Infarctus du myocarde avec pose de stent
L'étude ADMIRAL (Abciximab before Direct Angioplasty and Stenting in Myocardial Infarction Regarding Acute and Long-Term Follow-up, réalisée avec le soutien d'Eli Lilly), très différente, compare l'abciximab au placebo dans l'infarctus du myocarde nécessitant une pose de stent. Il s'agit de savoir s'il existe un bénéfice clinique supplémentaire à l'utilisation de l'inhibiteur de la glycoprotéine IIb/IIIa. Trois cents patients ont été inclus dans un protocole en double aveugle et ont eu soit de l'abciximab et une pose de stent, soit un placebo avec la même procédure. Ils ont ensuite eu une angiographie coronaire. A trente jours, le critère composé des décès, des réinfarctus ou d'une revascularisation en urgence d'un vaisseau cible est survenu à concurrence de 6 % des cas dans le groupe abciximab et de 14,6 % dans celui sous placebo (p = 0,01). A six mois, les taux sont de 7,4 % et 15,9 % (p = 0,02).

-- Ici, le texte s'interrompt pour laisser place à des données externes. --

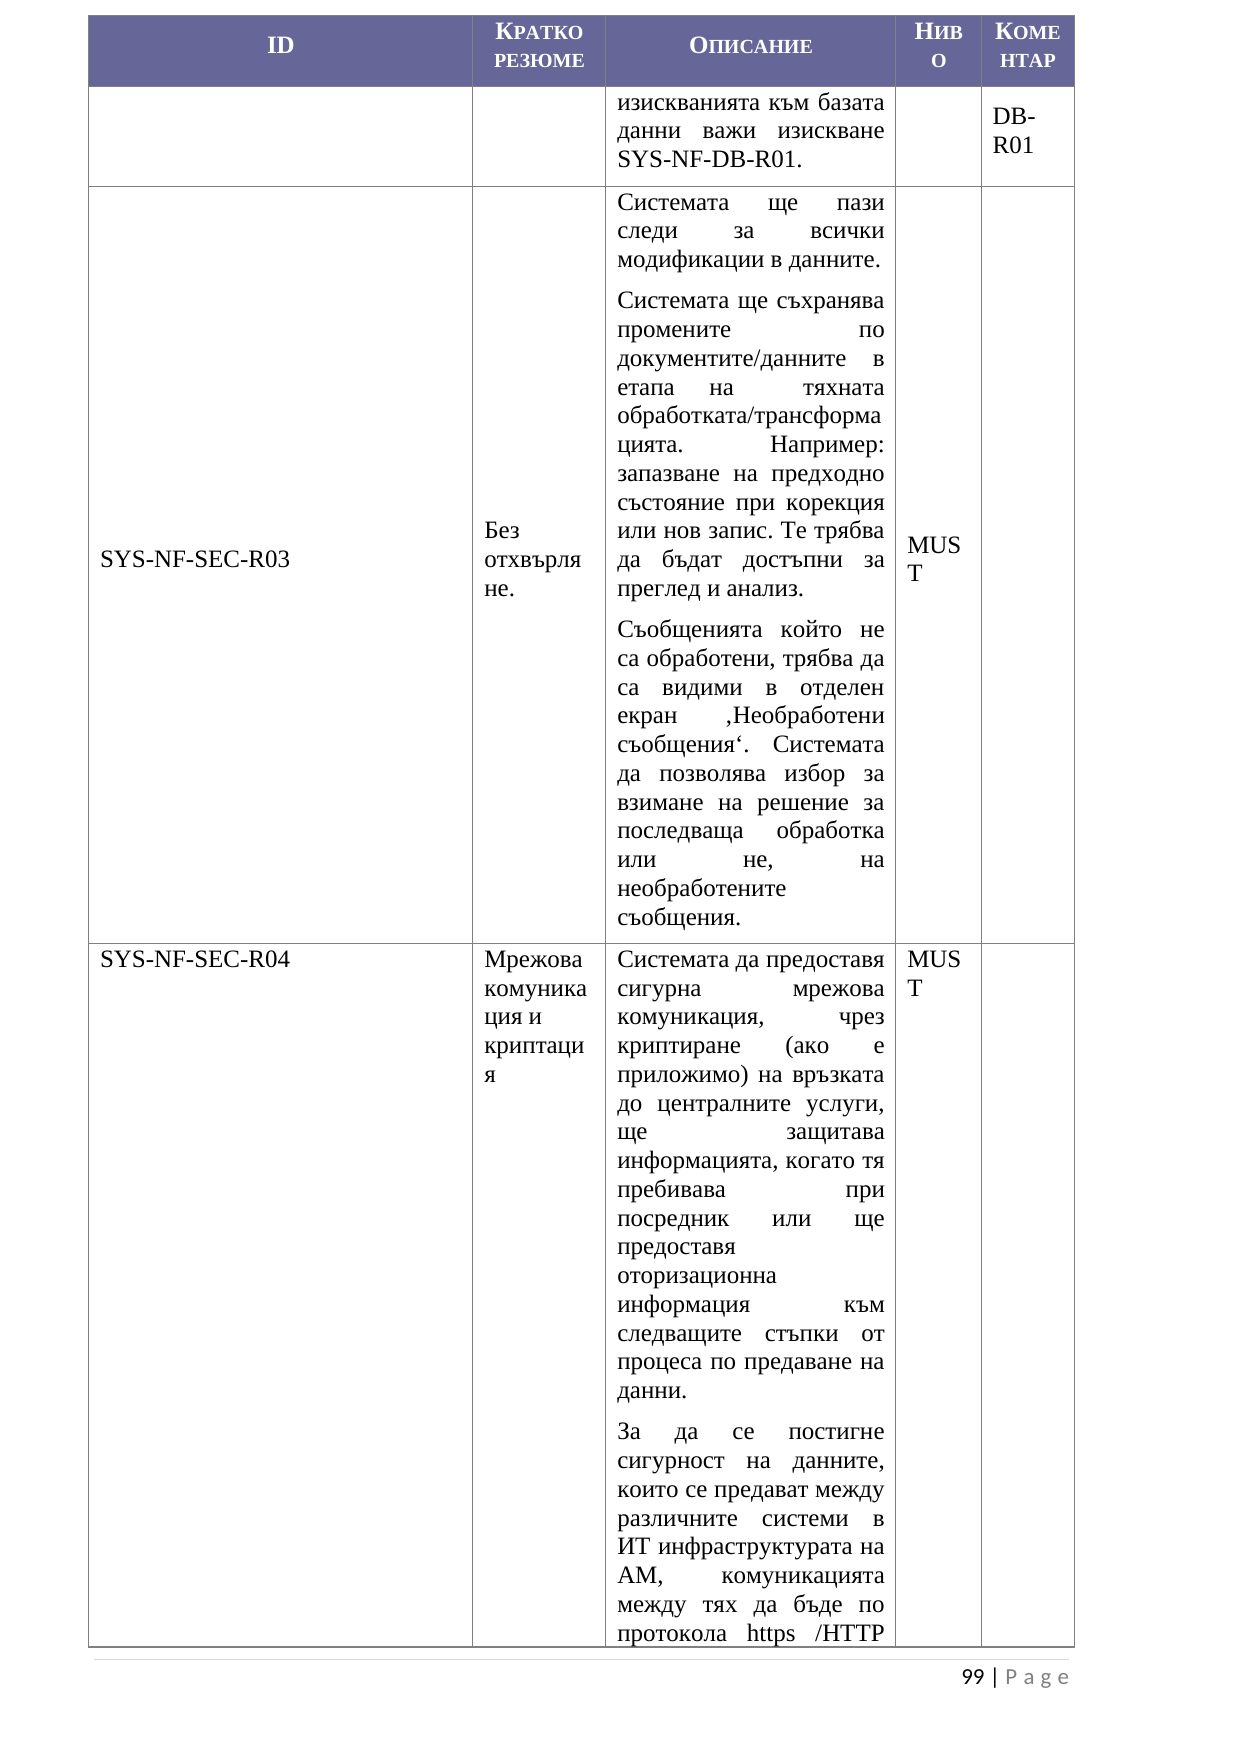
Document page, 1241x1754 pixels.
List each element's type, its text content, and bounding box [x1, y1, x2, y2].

table_header Ниво [896, 16, 981, 86]
table_header Коментар [982, 16, 1074, 86]
table_header Описание [606, 16, 895, 86]
table_cell [896, 87, 981, 186]
table_cell [89, 87, 472, 186]
table_cell DB-R01 [982, 87, 1074, 186]
table_cell Системата да предоставя сигурна мрежова комуникация, чрез криптиране (ако е приложимо) на връзката до централните услуги, ще защитава информацията, когато тя пребивава при посредник или ще предоставя оторизационна информация към следващите стъпки от процеса по предаване на данни. За да се постигне сигурност на данните, които се предават между различните системи в ИТ инфраструктурата на АМ, комуникацията между тях да бъде по протокола https /HTTP [606, 944, 895, 1646]
table_cell [982, 187, 1074, 943]
table_cell изискванията към базата данни важи изискване SYS-NF-DB-R01. [606, 87, 895, 186]
table_cell MUST [896, 944, 981, 1646]
table_cell Без отхвърляне. [473, 187, 605, 943]
table_cell [982, 944, 1074, 1646]
table_header Кратко резюме [473, 16, 605, 86]
table_cell Системата ще пази следи за всички модификации в данните. Системата ще съхранява промените по документите/данните в етапа на тяхната обработката/трансформацията. Например: запазване на предходно състояние при корекция или нов запис. Те трябва да бъдат достъпни за преглед и анализ. Съобщенията който не са обработени, трябва да са видими в отделен екран ‚Необработени съобщения‘. Системата да позволява избор за взимане на решение за последваща обработка или не, на необработените съобщения. [606, 187, 895, 943]
table_cell SYS-NF-SEC-R04 [89, 944, 472, 1646]
table_cell [473, 87, 605, 186]
table_cell Мрежова комуникация и криптация [473, 944, 605, 1646]
table_header ID [89, 16, 472, 86]
table_cell SYS-NF-SEC-R03 [89, 187, 472, 943]
table_cell MUST [896, 187, 981, 943]
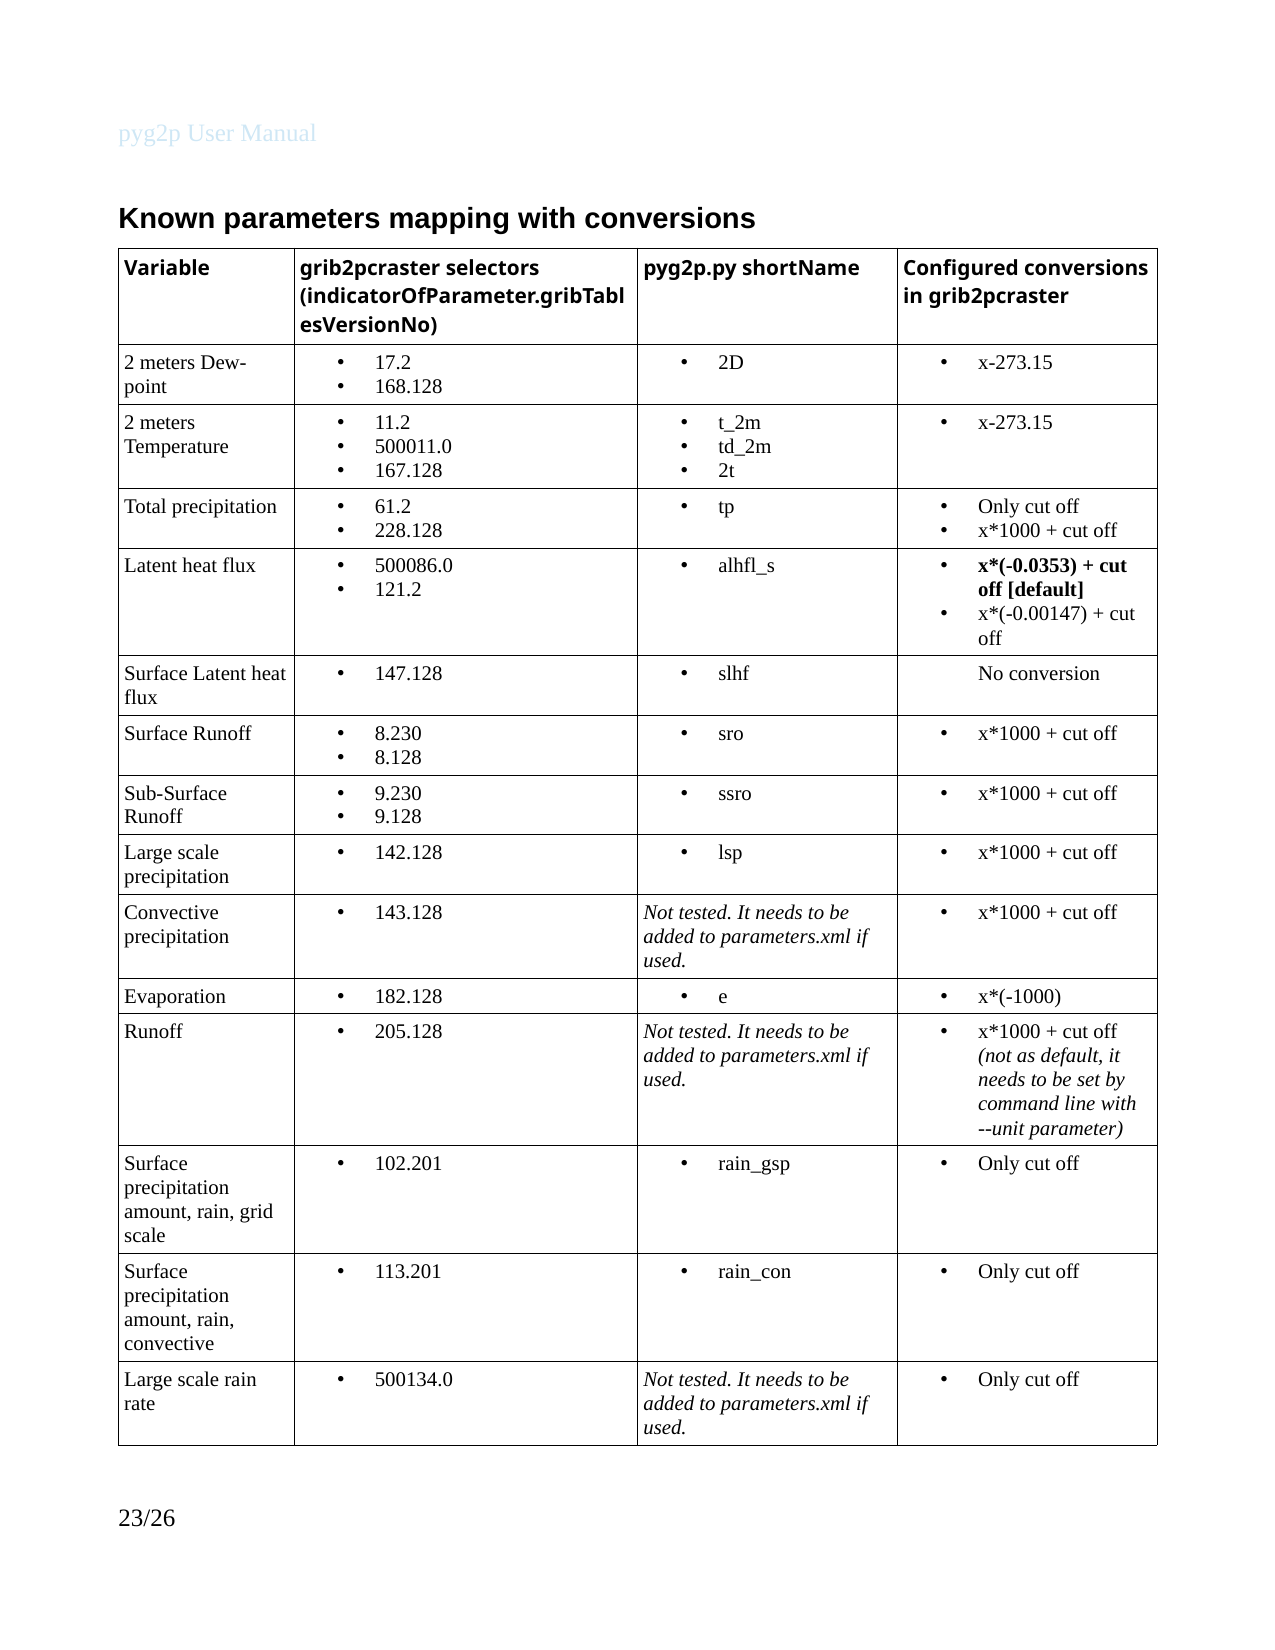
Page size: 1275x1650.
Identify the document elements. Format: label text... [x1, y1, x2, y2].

table_cell Large scale rain rate [119, 1362, 294, 1444]
table_cell alhfl_s [638, 549, 897, 655]
table_cell 2 meters Temperature [119, 405, 294, 488]
table_cell Surface precipitation amount, rain, convective [119, 1254, 294, 1361]
table_header grib2pcraster selectors (indicatorOfParameter.gribTablesVersionNo) [295, 249, 637, 344]
table_cell x*1000 + cut off (not as default, it needs to be set by command line with --unit parameter) [898, 1014, 1157, 1145]
table_cell 2D [638, 345, 897, 404]
table_cell rain_gsp [638, 1146, 897, 1253]
table_cell x*1000 + cut off [898, 895, 1157, 978]
table_cell Runoff [119, 1014, 294, 1145]
table_cell 2 meters Dew-point [119, 345, 294, 404]
table_cell sro [638, 716, 897, 774]
table_cell Evaporation [119, 979, 294, 1013]
table_cell 11.2 500011.0 167.128 [295, 405, 637, 488]
table_cell x*(-0.0353) + cut off [default] x*(-0.00147) + cut off [898, 549, 1157, 655]
table_cell e [638, 979, 897, 1013]
table_header pyg2p.py shortName [638, 249, 897, 344]
table_cell 61.2 228.128 [295, 489, 637, 547]
table_cell 500086.0 121.2 [295, 549, 637, 655]
table_cell tp [638, 489, 897, 547]
table_cell Surface precipitation amount, rain, grid scale [119, 1146, 294, 1253]
table_cell Not tested. It needs to be added to parameters.xml if used. [638, 895, 897, 978]
table_cell Not tested. It needs to be added to parameters.xml if used. [638, 1014, 897, 1145]
table_cell Surface Latent heat flux [119, 656, 294, 715]
table_cell Surface Runoff [119, 716, 294, 774]
table_cell 9.230 9.128 [295, 776, 637, 834]
table_cell Total precipitation [119, 489, 294, 547]
table_cell Sub-Surface Runoff [119, 776, 294, 834]
table_cell 147.128 [295, 656, 637, 715]
table_cell Large scale precipitation [119, 835, 294, 894]
table_cell x*1000 + cut off [898, 835, 1157, 894]
table_cell rain_con [638, 1254, 897, 1361]
table_cell 113.201 [295, 1254, 637, 1361]
table_header Configured conversions in grib2pcraster [898, 249, 1157, 344]
table_cell No conversion [898, 656, 1157, 715]
table_cell 500134.0 [295, 1362, 637, 1444]
table_cell Only cut off x*1000 + cut off [898, 489, 1157, 547]
table_cell x-273.15 [898, 405, 1157, 488]
table_cell x*1000 + cut off [898, 776, 1157, 834]
table_cell 205.128 [295, 1014, 637, 1145]
table_cell Only cut off [898, 1254, 1157, 1361]
table_cell t_2m td_2m 2t [638, 405, 897, 488]
table_cell x*(-1000) [898, 979, 1157, 1013]
table_cell 143.128 [295, 895, 637, 978]
table_cell Latent heat flux [119, 549, 294, 655]
table_cell Not tested. It needs to be added to parameters.xml if used. [638, 1362, 897, 1444]
table_cell 142.128 [295, 835, 637, 894]
table_cell Convective precipitation [119, 895, 294, 978]
subtitle Known parameters mapping with conversions [118, 201, 1157, 235]
table_cell 182.128 [295, 979, 637, 1013]
table_header Variable [119, 249, 294, 344]
table_cell x*1000 + cut off [898, 716, 1157, 774]
table_cell 8.230 8.128 [295, 716, 637, 774]
table_cell lsp [638, 835, 897, 894]
table_cell x-273.15 [898, 345, 1157, 404]
table_cell Only cut off [898, 1146, 1157, 1253]
table_cell 102.201 [295, 1146, 637, 1253]
table_cell slhf [638, 656, 897, 715]
table_cell 17.2 168.128 [295, 345, 637, 404]
table_cell Only cut off [898, 1362, 1157, 1444]
table_cell ssro [638, 776, 897, 834]
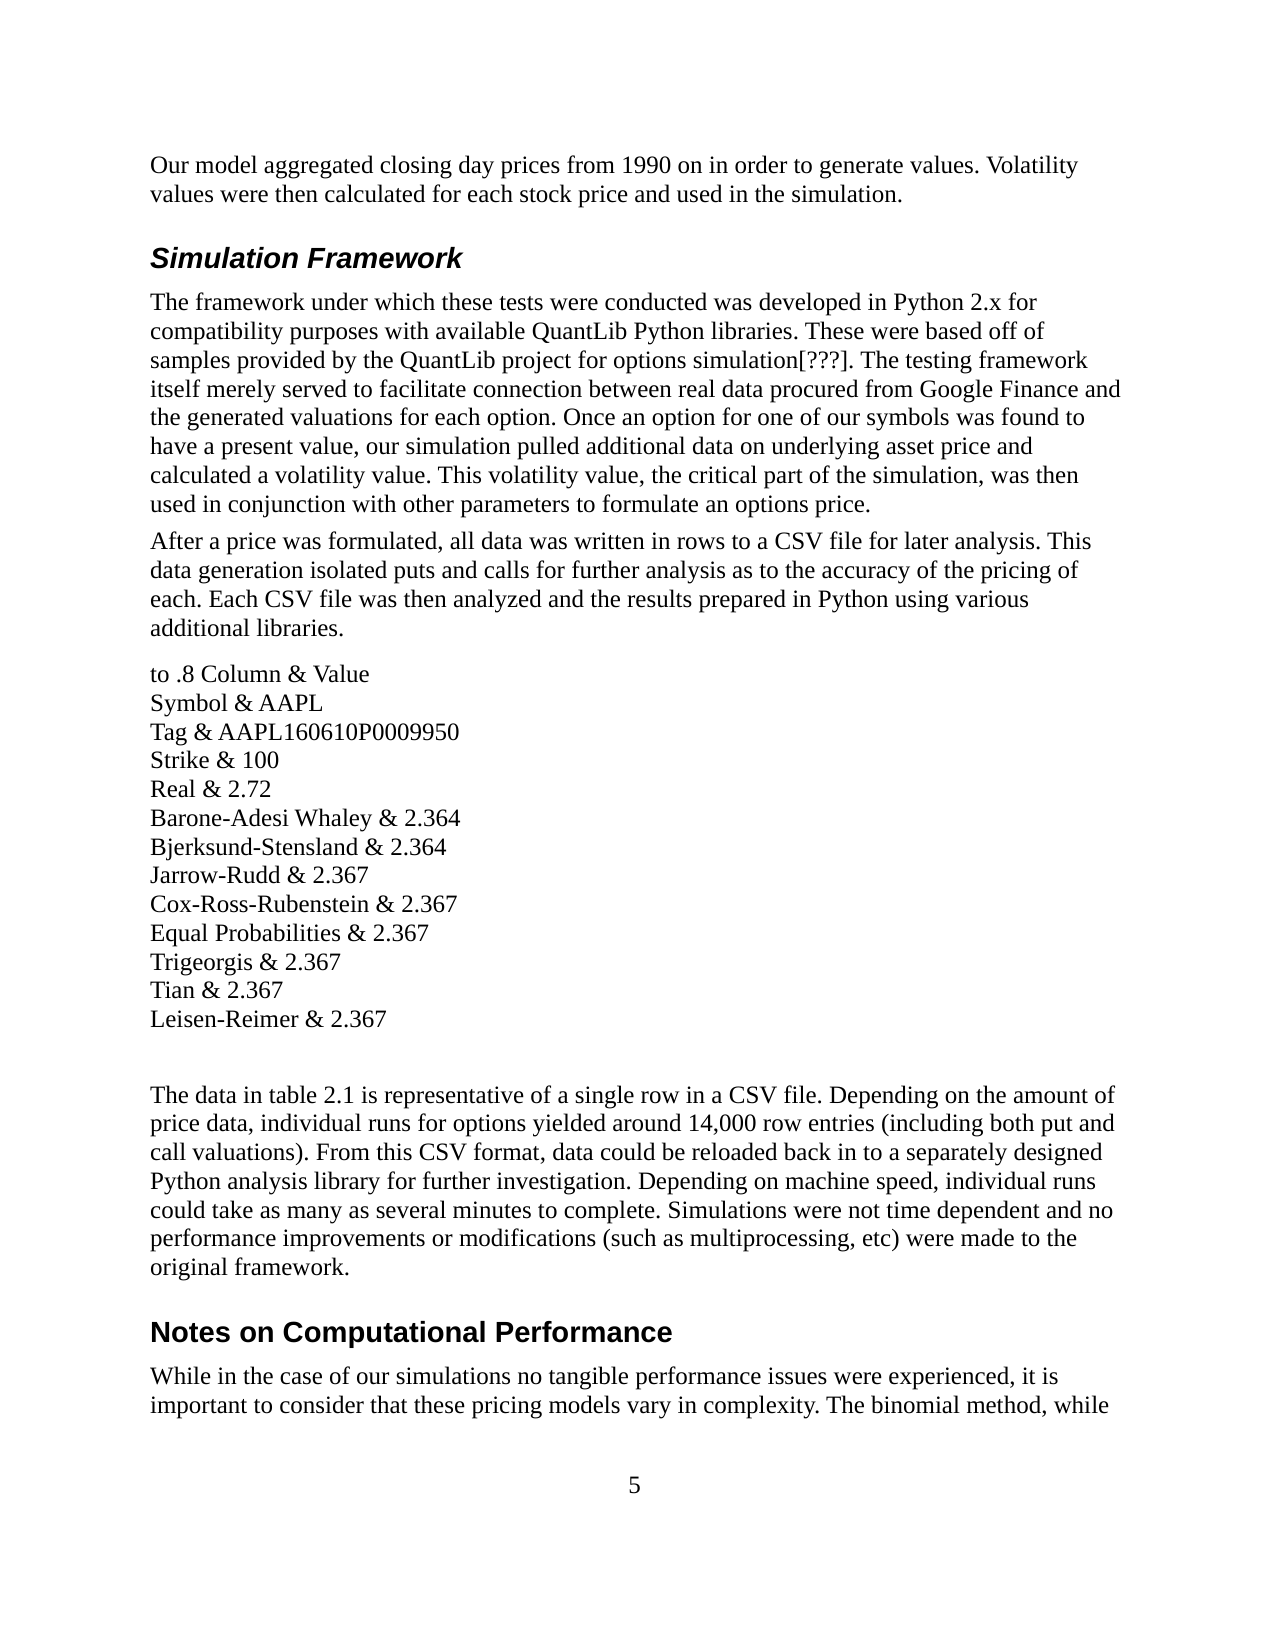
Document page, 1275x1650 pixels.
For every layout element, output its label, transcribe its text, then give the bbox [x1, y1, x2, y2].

text The data in table 2.1 is representative of a single row in a CSV file. Depending on the amount of price data, individual runs for options yielded around 14,000 row entries (including both put and call valuations). From this CSV format, data could be reloaded back in to a separately designed Python analysis library for further investigation. Depending on machine speed, individual runs could take as many as several minutes to complete. Simulations were not time dependent and no performance improvements or modifications (such as multiprocessing, etc) were made to the original framework. [150, 1080, 1125, 1281]
text Our model aggregated closing day prices from 1990 on in order to generate values. Volatility values were then calculated for each stock price and used in the simulation. [150, 150, 1125, 207]
text to .8 Column & Value Symbol & AAPL Tag & AAPL160610P0009950 Strike & 100 Real & 2.72 Barone-Adesi Whaley & 2.364 Bjerksund-Stensland & 2.364 Jarrow-Rudd & 2.367 Cox-Ross-Rubenstein & 2.367 Equal Probabilities & 2.367 Trigeorgis & 2.367 Tian & 2.367 Leisen-Reimer & 2.367 [150, 659, 1125, 1062]
text While in the case of our simulations no tangible performance issues were experienced, it is important to consider that these pricing models vary in complexity. The binomial method, while [150, 1361, 1125, 1418]
text The framework under which these tests were conducted was developed in Python 2.x for compatibility purposes with available QuantLib Python libraries. These were based off of samples provided by the QuantLib project for options simulation[???]. The testing framework itself merely served to facilitate connection between real data procured from Google Finance and the generated valuations for each option. Once an option for one of our symbols was found to have a present value, our simulation pulled additional data on underlying asset price and calculated a volatility value. This volatility value, the critical part of the simulation, was then used in conjunction with other parameters to formulate an options price. [150, 287, 1125, 517]
text After a price was formulated, all data was written in rows to a CSV file for later analysis. This data generation isolated puts and calls for further analysis as to the accuracy of the pricing of each. Each CSV file was then analyzed and the results prepared in Python using various additional libraries. [150, 526, 1125, 641]
subtitle Notes on Computational Performance [150, 1315, 1125, 1348]
subtitle Simulation Framework [150, 241, 1125, 275]

Les meilleurs résultats cliniques dans le groupe abciximab sont : une plus grande fréquence de flux coronaire de grade 3 (selon des critères admis) comparativement au groupe placebo (avant la procédure : 16,8 % versus 5,4 %, p = 0,01 ; immédiatement après : 95,51 % versus 86,7 %, p = 0,04 ; et six mois après : 94,3 % versus 82,8 %, p = 0,04). Un saignement majeur s'est produit dans le groupe abciximab et aucun dans le groupe placebo.
Les résultats montrent sous abciximab une amélioration de la perméabilité coronaire, tant avant la pose du stent qu'en ce qui concerne les résultats de cette procédure, le taux de perméabilisation coronaire à six mois ou l'amélioration de la fonction ventriculaire gauche.
« Les résultats très significatifs obtenus avec ces produits sur des critères cliniques essentiels soulèvent des questions sur l'usage du placebo chez les patients contrôles qu'il est licite d'utiliser », écrit un commentateur, Douglas Throckmorton (Rockville).
A côté de ces deux importants travaux, il faut signaler l'étude TARGET (« Do tirofiban and reopro give similar efficacy trial ») qui, dans une autre indication, la prévention des événements ischémiques sous revascularisation, avait pour objet de comparer tirofiban et abciximab selon une méthodologie d'essai de non-infériorité. Cet essai n'a pas abouti à des résultats concluants.
On retiendra donc surtout que deux essais ont démontré l'efficacité des deux inhibiteurs GIIb/IIIa dans les syndromes coronariens aigus.
« New England Journal of Medicine », vol. 344 ; n° 25, 21 juin 2001. TACTICS : pp. 1879-1887. ADMIRAL : pp. 1895-1902. TARGET : pp. 1888-1894. Commentaires pp. 1937-1942.